The SpiritLed Woman podcast is empowering women weekly to follow their purpose in Christ and boldly walk in faith. Listen at charismapodcastnetwork.com.
Shake off your shackles and be made whole. The same faith that saved you will restore you in every way.
While in India on a ministry trip a number of years ago, I was in my hotel room preparing for a healing crusade when a magazine caught my attention. Inside, an article titled "The Unalterable Course of Destiny" dealt with the subject of something we refer to as "fate."
According to the writer, we should understand that our lives are predetermined to be a certain way, and nothing can be done to change it. To accept this is to be governed by a fatalistic attitude that essentially says, "I am a victim of circumstances I cannot alter."

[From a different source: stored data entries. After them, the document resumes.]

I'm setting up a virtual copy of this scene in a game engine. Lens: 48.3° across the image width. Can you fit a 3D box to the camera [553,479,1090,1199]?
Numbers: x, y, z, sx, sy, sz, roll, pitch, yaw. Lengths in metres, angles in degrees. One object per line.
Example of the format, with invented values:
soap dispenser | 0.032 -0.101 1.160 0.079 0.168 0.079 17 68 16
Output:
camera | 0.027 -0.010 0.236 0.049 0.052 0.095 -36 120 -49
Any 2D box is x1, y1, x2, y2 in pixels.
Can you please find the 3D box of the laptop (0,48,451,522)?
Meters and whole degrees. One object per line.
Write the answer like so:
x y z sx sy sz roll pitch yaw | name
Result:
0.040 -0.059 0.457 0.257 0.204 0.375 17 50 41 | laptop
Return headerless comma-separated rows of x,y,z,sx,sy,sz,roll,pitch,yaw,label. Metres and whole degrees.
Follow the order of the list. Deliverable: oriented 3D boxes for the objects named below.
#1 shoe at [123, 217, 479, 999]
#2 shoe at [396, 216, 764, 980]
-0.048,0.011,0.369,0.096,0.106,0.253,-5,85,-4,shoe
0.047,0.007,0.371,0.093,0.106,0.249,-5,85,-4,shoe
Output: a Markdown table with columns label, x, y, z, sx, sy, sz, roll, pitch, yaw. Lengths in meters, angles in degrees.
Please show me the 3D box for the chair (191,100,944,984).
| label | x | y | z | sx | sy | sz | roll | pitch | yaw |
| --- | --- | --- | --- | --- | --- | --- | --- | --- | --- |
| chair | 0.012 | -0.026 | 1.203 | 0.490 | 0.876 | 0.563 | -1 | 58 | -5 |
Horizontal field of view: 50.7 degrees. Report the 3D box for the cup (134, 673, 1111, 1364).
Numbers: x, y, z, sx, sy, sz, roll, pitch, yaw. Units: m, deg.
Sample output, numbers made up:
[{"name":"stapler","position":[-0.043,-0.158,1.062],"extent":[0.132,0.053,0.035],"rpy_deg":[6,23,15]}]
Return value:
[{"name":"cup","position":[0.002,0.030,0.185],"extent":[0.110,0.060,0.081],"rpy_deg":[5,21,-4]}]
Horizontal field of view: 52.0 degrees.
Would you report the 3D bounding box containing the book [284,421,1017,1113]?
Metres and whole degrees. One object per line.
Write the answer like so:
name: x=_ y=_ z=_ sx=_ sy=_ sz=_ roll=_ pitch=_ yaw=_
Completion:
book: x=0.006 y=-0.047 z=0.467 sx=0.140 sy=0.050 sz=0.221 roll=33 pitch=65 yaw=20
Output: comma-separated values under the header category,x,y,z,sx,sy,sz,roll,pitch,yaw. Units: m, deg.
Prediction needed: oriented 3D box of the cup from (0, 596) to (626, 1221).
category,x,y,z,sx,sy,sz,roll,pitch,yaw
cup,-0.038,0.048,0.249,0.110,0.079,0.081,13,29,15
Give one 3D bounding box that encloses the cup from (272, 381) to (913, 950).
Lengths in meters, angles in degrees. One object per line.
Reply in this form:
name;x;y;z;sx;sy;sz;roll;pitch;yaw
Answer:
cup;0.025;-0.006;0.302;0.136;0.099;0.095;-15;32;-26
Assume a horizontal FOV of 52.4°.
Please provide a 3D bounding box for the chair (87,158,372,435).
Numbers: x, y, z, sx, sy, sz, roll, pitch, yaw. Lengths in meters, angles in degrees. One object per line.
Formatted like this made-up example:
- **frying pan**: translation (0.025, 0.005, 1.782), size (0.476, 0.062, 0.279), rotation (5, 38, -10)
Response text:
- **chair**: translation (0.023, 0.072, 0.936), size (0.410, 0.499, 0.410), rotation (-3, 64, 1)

If we really accepted this as truth, then we have to say there is no use trying. After all, our destiny is unalterable, and our hands are tied. Why get up in the morning? You might as well stay in bed.
As crazy as this seems, we do believe these things in America—more than we are willing to admit. This is an escapist mind-set that discourages us from taking any responsibility for our lives.
When your fate is fixed, you have no hope for change in your circumstances. Consequently, there is no need to resist anything, even the social and religious systems that come against you as a woman with a ministry calling. If fate is at work, your destiny is set, right?
Wrong! I believe God is challenging our thinking on this subject. He wants to tell us something about how we view the circumstances that attempt to hold us captive in our lives.
In the Scriptures, the story of the woman plagued with an issue of blood is often told from the standpoint of the woman's need for physical healing. However, when we take a closer look, we can see that her testimony also has to do with complete restoration and a breakthrough to a new level of faith and power. It's about the overlooked element of risk that is essential to the activation of faith.
What's Plaguing You?
According to The Message translation of this passage: "A woman who had suffered a condition of hemorrhaging for twelve years—a long succession of physicians had treated her, and treated her badly, taking all her money and leaving her worse off than before—had heard about Jesus. She slipped in from behind and touched his robe.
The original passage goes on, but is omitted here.